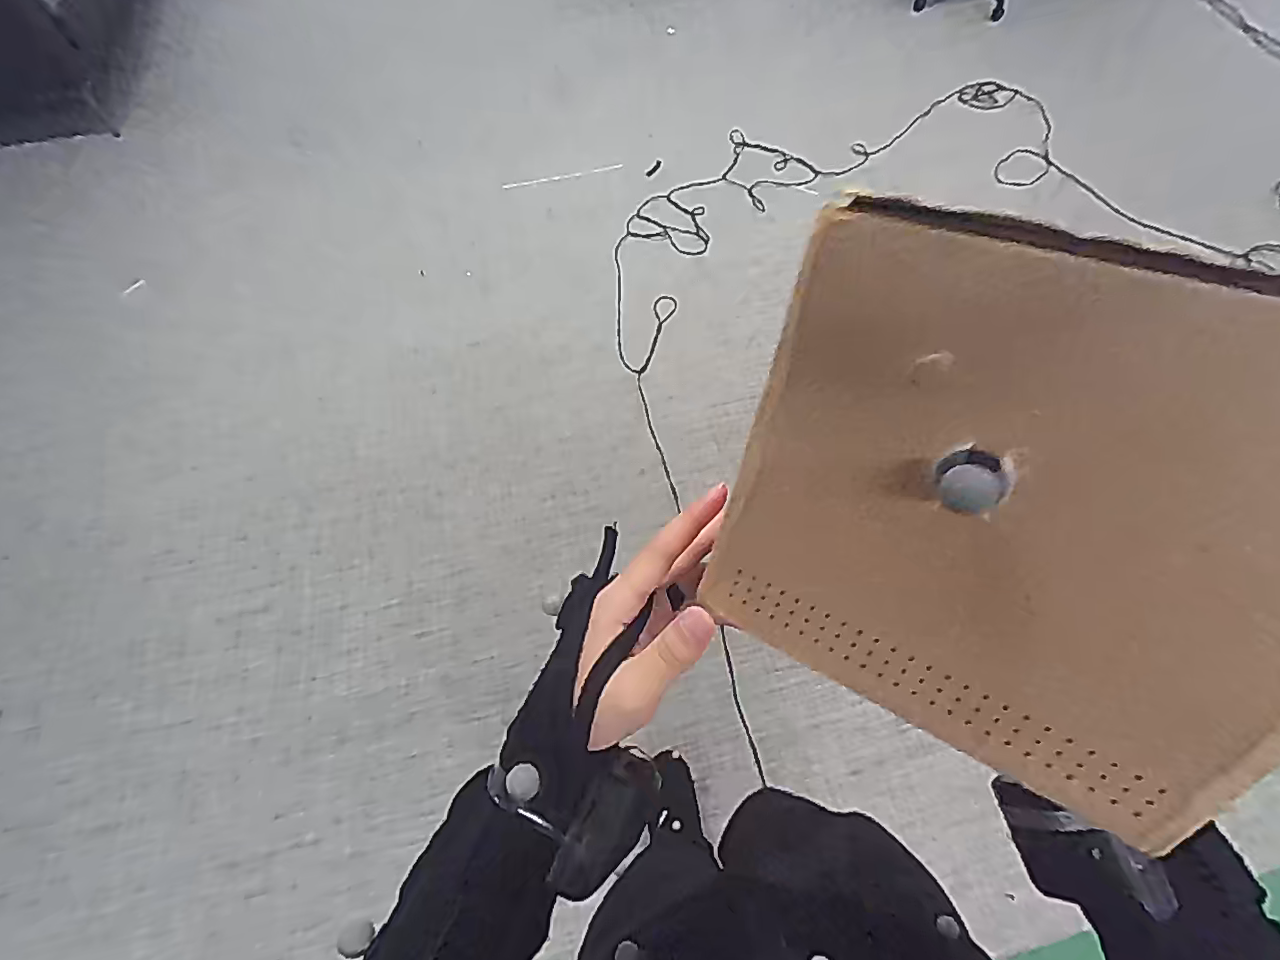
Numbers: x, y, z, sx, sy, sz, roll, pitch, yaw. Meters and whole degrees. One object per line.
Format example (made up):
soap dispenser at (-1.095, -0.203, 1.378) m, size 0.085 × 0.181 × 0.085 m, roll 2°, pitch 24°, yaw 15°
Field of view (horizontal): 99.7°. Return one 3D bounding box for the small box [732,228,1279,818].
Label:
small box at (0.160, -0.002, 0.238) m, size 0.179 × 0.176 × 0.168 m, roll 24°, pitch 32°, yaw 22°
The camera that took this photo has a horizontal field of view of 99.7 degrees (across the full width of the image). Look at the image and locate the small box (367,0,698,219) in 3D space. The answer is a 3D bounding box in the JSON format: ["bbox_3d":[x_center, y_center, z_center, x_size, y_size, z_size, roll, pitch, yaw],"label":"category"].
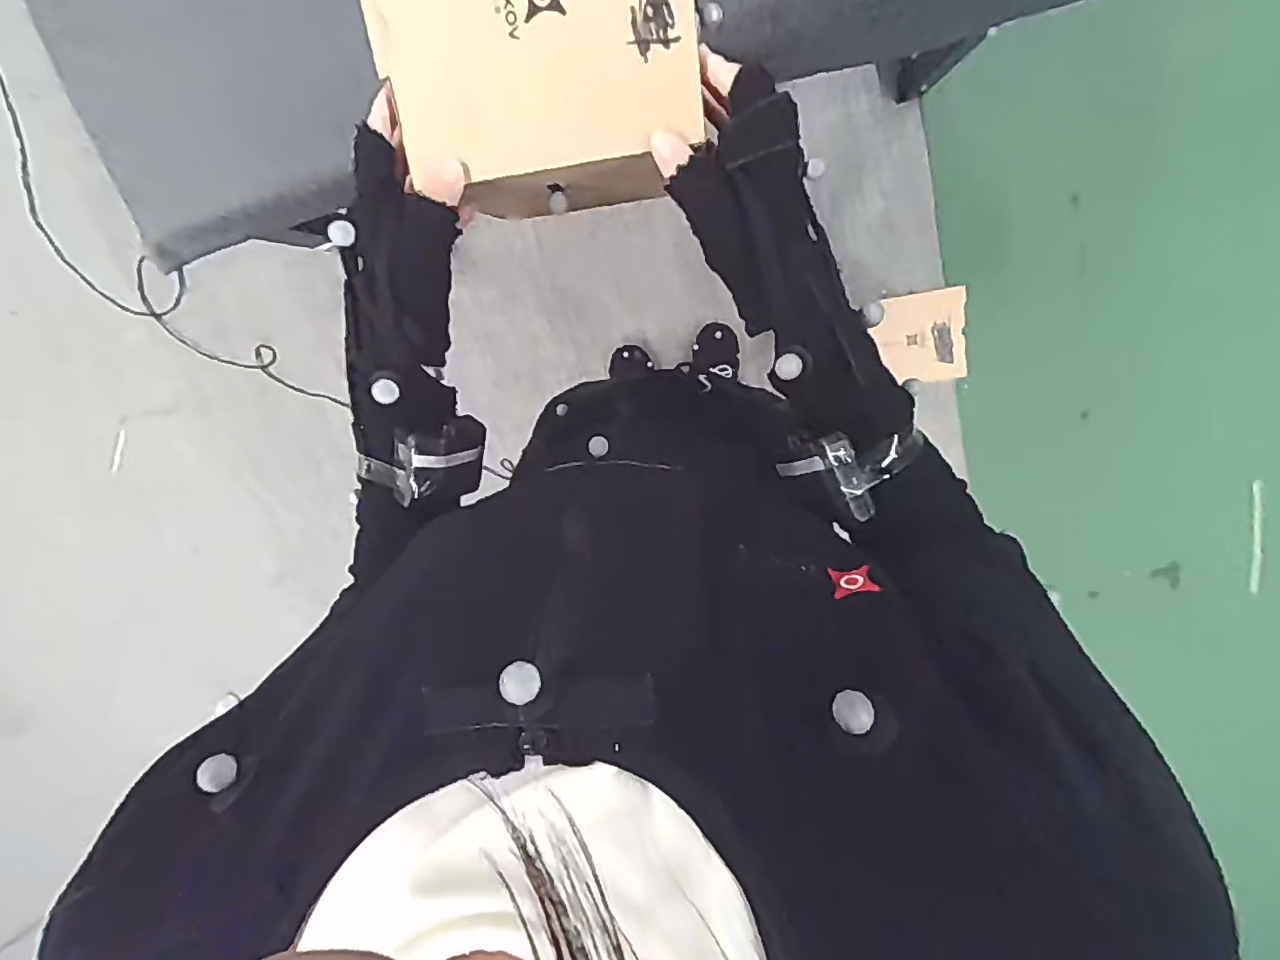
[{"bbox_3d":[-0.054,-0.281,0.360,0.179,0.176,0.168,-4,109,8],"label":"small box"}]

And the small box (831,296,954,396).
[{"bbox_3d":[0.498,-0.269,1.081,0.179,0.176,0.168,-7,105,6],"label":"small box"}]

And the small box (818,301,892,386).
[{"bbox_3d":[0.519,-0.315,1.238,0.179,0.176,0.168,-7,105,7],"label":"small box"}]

==

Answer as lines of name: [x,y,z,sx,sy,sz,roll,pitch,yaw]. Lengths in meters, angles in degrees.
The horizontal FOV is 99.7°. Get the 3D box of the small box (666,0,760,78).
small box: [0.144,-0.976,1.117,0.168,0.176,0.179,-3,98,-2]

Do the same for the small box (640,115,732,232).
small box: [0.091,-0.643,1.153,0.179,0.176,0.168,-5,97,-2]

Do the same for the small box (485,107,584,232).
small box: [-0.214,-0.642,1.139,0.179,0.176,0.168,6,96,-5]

---

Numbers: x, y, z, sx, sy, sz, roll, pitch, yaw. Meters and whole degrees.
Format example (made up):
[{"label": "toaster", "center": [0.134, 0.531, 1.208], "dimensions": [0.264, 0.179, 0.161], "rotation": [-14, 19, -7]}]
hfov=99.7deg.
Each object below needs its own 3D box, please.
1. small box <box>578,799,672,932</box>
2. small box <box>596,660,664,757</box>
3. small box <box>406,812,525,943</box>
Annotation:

WHAT THE TASK ASKS =
Filter the entries and copy out every line with the word "whole".

OUTPUT FOR THIS EXERCISE =
Numbers: x, y, z, sx, sy, sz, roll, pitch, yaw. Meters and whole degrees. One object per line.
Numbers: x, y, z, sx, sy, sz, roll, pitch, yaw. Meters and whole degrees.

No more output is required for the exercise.